Он схватил ружье и кинулся за ними. Древний, взвившийся в нем инстинкт сделал его легким, быстрым. Лисицы дали хитрый круг и, в обход человека, вновь вышли к шарабану. Одна села в стороне по-собачьи, другая взобралась на шарабан и, приятно повиливая хвостом и поминутно озираясь, с аппетитом доедала хозяйский завтрак. Привыкший к повадкам зверей, Прохор сразу сметал ловкий маневр этих рыжих воришек. Он круто повернул обратно, выполз на брюхе из чащи и, весь внутренне дрожа, прицелился по лисе на шарабане: «Хорошо бы в голову утрафить, чтоб шкура была цела», — подумал он, прищурил левый глаз и спустил курок. Потом вскочил и с яростью бросил двустволку оземь: ружье не было заряжено. Лисицы тихим шагом удалялись.
«Знают… Вот анафемы!» — удивлялся он какому-то непостижимому угадыванию, которым обладали эти обычно чуткие, осторожные зверьки.
Такая неудача показалась Прохору столь обидной, что он в злобе едва не заплакал. Потом стало смешно на самого себя, на лисиц. Они разорвали нанковый мешок с запасом и все уничтожили: остался чай да сахар. А очень хотелось есть: со вчерашнего вечера он не принимал пищи.
— Эй! — кто-то окликнул его из чащи, грубо, по-звериному, как лесовик.
Прохор оглянулся. На него шел желтолицый, большебородый оборванец. Он огромен ростом, широк в плечах. Одет в грязные лохмотья, из прорех торчали обмызганные отрепья ваты. На большой лошадиной голове намотана ситцевая повязка с приподнятой на лоб сеткой от комаров. В правой, покрытой засохшей землей руке — дубина, за опояской — топор и нож. Не дойдя до Прохора шагов пяти, бродяга остановился.
— Кто таков? — спросил его Прохор и сунул руку в карман. Револьвера не оказалось.
Бродяга водил бровями, причмокивал, пугающе молчал.
— Ты кто? — вновь спросил Прохор.
— Убивец, — глухо ответил тот и сбросил с плеч туго набитую котомку.
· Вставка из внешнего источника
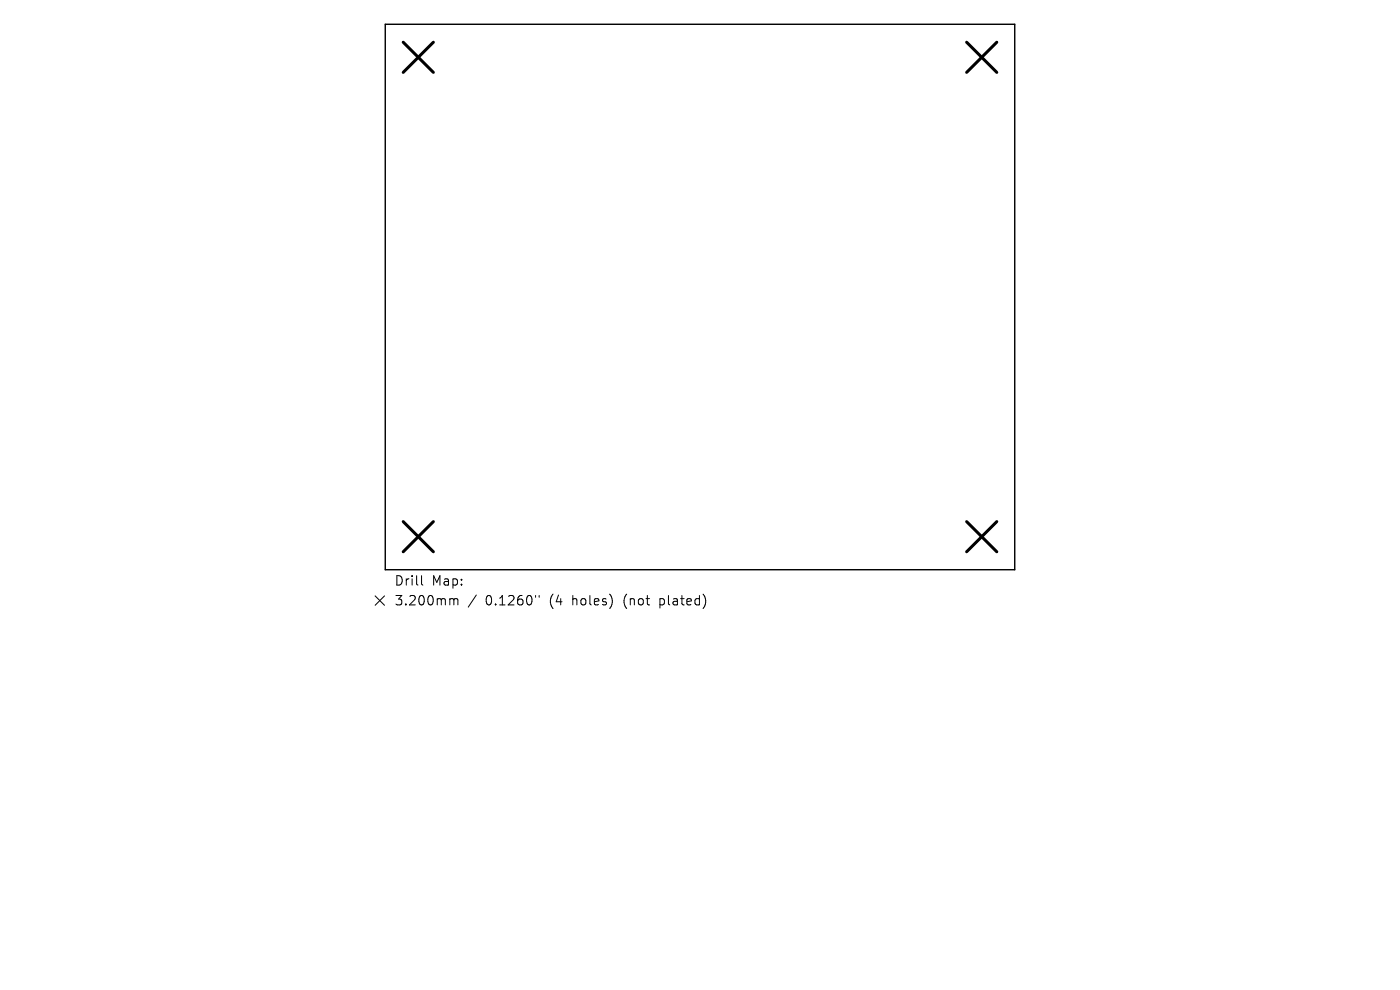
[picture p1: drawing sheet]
<svg xmlns="http://www.w3.org/2000/svg" width="297mm" height="210mm" viewBox="0 0 297 210" stroke-linecap="round" stroke-linejoin="round" font-family="sans-serif">
<defs><g id="words">
<g font-size="2.8">
<text x="83.6" y="124.5">Drill</text>
<text x="91.6" y="124.5">Map:</text>
<text x="83.6" y="128.7">3.200mm</text>
<text x="103" y="128.7">0.1260&quot;</text>
<text x="116.8" y="128.7">(4</text>
<text x="121.7" y="128.7">holes)</text>
<text x="132.8" y="128.7">(not</text>
<text x="140.6" y="128.7">plated)</text>
</g>
</g></defs>
<path d="M81.7 5.2h133.6v115.7h-133.6z" fill="none" stroke="#000" stroke-width=".3"/>
<path d="M85.5 9l6.4 6.4M91.9 9l-6.4 6.4M205.1 9l6.4 6.4M211.5 9l-6.4 6.4M85.5 110.6l6.4 6.5M91.9 110.6l-6.4 6.5M205.1 110.6l6.4 6.5M211.5 110.6l-6.4 6.5" fill="none" stroke="#000" stroke-width=".64"/>
<path d="M79.6 126.4l2 2M81.6 126.4l-2 2M89.4 122.1v1.7l.3 .3M95.7 127l.5 .1 .1 .2M96.3 127.3l.3-.3 .4 .1 .1 1.2M96.3 127.3v1M101 126.2l-1.7 2.6M113.6 126.3v.4M114.4 126.3v.4" fill="none" stroke="#000" stroke-width=".21"/>
<use href="#words"/>
</svg>

Прохор окинул его опытным взглядом таежника. Оловянные глаза бродяги с вывернутыми, как в трахоме, веками показались ему наглыми, разбойничьими. Прохор силен, но безоружен. Бродяга огромен, вооружен топором, ножом, преступной жизнью. Такие страшные люди могут убить человека ради сапог, ради потехи. Прохор приготовился. Бродяга подошел к нему вплотную. Тот — ни шагу назад, чтоб не показаться трусом. Бродяга тяжело дышал, от него разило мерзким чесночным духом: он, видимо, всласть поел отвратительной пахучей травы — черемши.
— Да ты не бойся, — угрюмо сказал бродяга.
— А чего мне бояться: у меня ружье…
Бродяга крутнул головой, издевательски подморгнул Прохору, указал рукой на шарабан, в котором только что была лиса, и на тайгу, куда она скрылась, буркнул:
— Не стреляет… — и заперхал сиплым хохотком, похожим на хрип собаки в петле.
Прохор внезапным толчком сшиб бродягу с ног и выхватил у него топор и нож.
Бродяга тяжело встал на четвереньки, потом выпрямился и обложил Прохора ласковой грязной бранью:
— Ну, язви тя… Твоя взяла.
Он дышал глубоко, болезненно, раздувая грудь, втягивая щеки. Его мучило удушье. Прохор внутренне раскаивался, что свалил больного человека; он бросил бродяге топор и нож.
— Золото есть? — спросил Прохор.
— Есть… С полпудика.
— Почем?
— Тройка золотник.
— Беру. Придешь в контору за расчетом.
— Отец родной! Ты кто? — взмолил бродяга.
— Прохор Громов.
Бродяга отсморкнулся наземь и слезливо скривил рот.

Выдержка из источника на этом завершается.